Hybrid Reward Architecture

October 19, 2018 - 3 minute read -
Paper Summary Machine Learning Reinforcement Learning

This paper focuses on improving RL algorithms by decomposing the scalar reward function into a composition of multiple reward functions. The key idea is that challenging domains’ reward functions cannot be easily reduced into a low dimensional representation so decomposition can alleviate this.

Some advantages of decomposition are - more efficient learning since each sub-reward usually depends only on a subset of the features - sub-reward functions are more generalizable / transferrable - multimodal representation of rewards

Note that by decomposing the reward, we are encoding domain knowledge through the given decomposition. An interesting direction is the automatic discovery of these sub-reward / subgoal functions.

To efficiently learn the sub-rewards, each sub-reward is assigned a separate agent. These agents and sub-rewards are learned in parallel on the same sample sequence with off policy learning. An aggregator module combines all of the sub-reward functions and selects the current action based off of the aggregated values.

The authors are able to improve performance further by removing irrelevant features, identifying terminal states, and using “pseudo-reward” functions (Generalized Value Function), which are rewards that do not depend on the environment. Note again that all of these improvements require domain knowledge.

The authors experiment on a fruit collection task, where 5 fruits are randomly placed in 10 fixed locations on a 10x10 grid. They decompose the reward down into 10 different sub-rewards, each sub-reward representing a potential fruit location. Each sub-reward function takes in the existence of a fruit at the location and the current state of the agent. The aggregator simply takes a mean of the sub-rewards. The authors show that HRA is able to beat baselines and augmented baselines.

The authors also experiment on Ms.PacMan, and are able to achieve SOTA results by solving the game. They also create sub-rewards for pellets, fruits, ghosts, and blue ghosts. Initially, the HRA starts off with 0 GVF and 0 pellet reward functions. The agent wanders around the maze, discovering new map locations it can reach. A GVF function is created for each of these new locations. When the agent finds a pellet at a new location it creates a new head corresponding to the pellet.

The Q values for an object (pellet, fruit, ghost, blue ghost) are set to the output of the GVF that corresponds with the objects location (moving objects use a different GVF each time) multiplied with a weight that is set equal to the reward received when the object is eaten.

The authors also implement a special reward function, the executive memory function.

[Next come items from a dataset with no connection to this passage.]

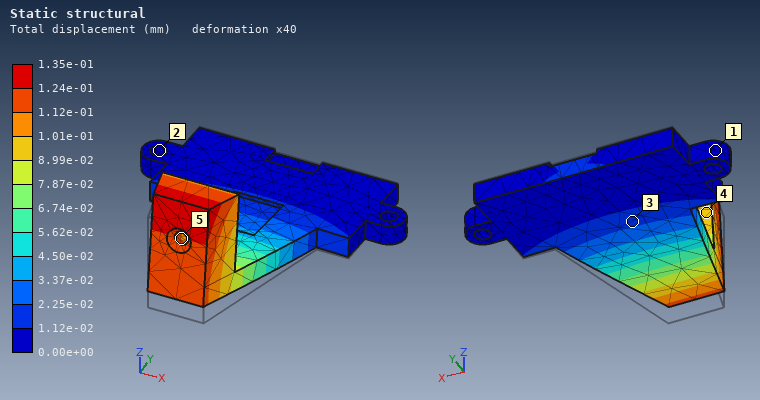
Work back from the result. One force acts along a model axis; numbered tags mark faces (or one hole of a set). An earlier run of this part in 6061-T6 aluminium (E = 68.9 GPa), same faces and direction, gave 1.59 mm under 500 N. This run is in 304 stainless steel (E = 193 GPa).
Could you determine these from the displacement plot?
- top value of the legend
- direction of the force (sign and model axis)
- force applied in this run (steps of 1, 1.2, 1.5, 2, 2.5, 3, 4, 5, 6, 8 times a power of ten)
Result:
1.35e-01 mm
+Z
120 N
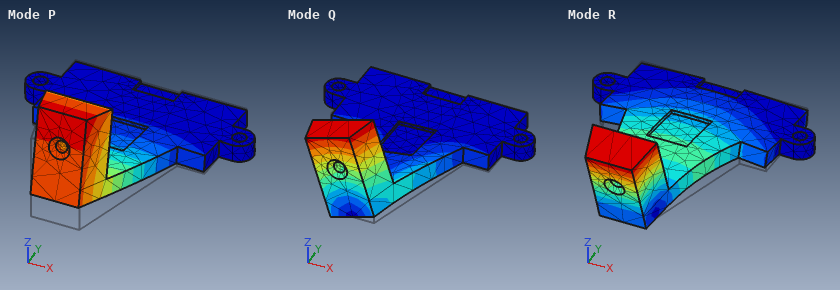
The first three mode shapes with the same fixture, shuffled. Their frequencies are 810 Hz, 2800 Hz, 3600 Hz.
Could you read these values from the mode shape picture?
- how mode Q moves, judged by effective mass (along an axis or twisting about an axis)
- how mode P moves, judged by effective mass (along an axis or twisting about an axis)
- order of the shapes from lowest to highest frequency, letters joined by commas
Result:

When a human reaches the maximum of his ability, he looks for favorable situations and memorizes them. This is akin to a “habit”. The executive memory function records every sequence of actions that lead to the completion of a level without any death. When faced with the same level, the function will output a very high value for the recorded action sequences, forcing the aggregator module to choose the recorded actions. This simplified module does not generalize, but could be an interesting further direction to look into.

They have a “Fixed Start” and a “Random Start” mode, where the executive memory is able to exploit the fixed start mode. In both cases, the authors show that HRA is able to beat benchmarks by a lot because it is able to exploit domain knowledge more efficiently than its competitors.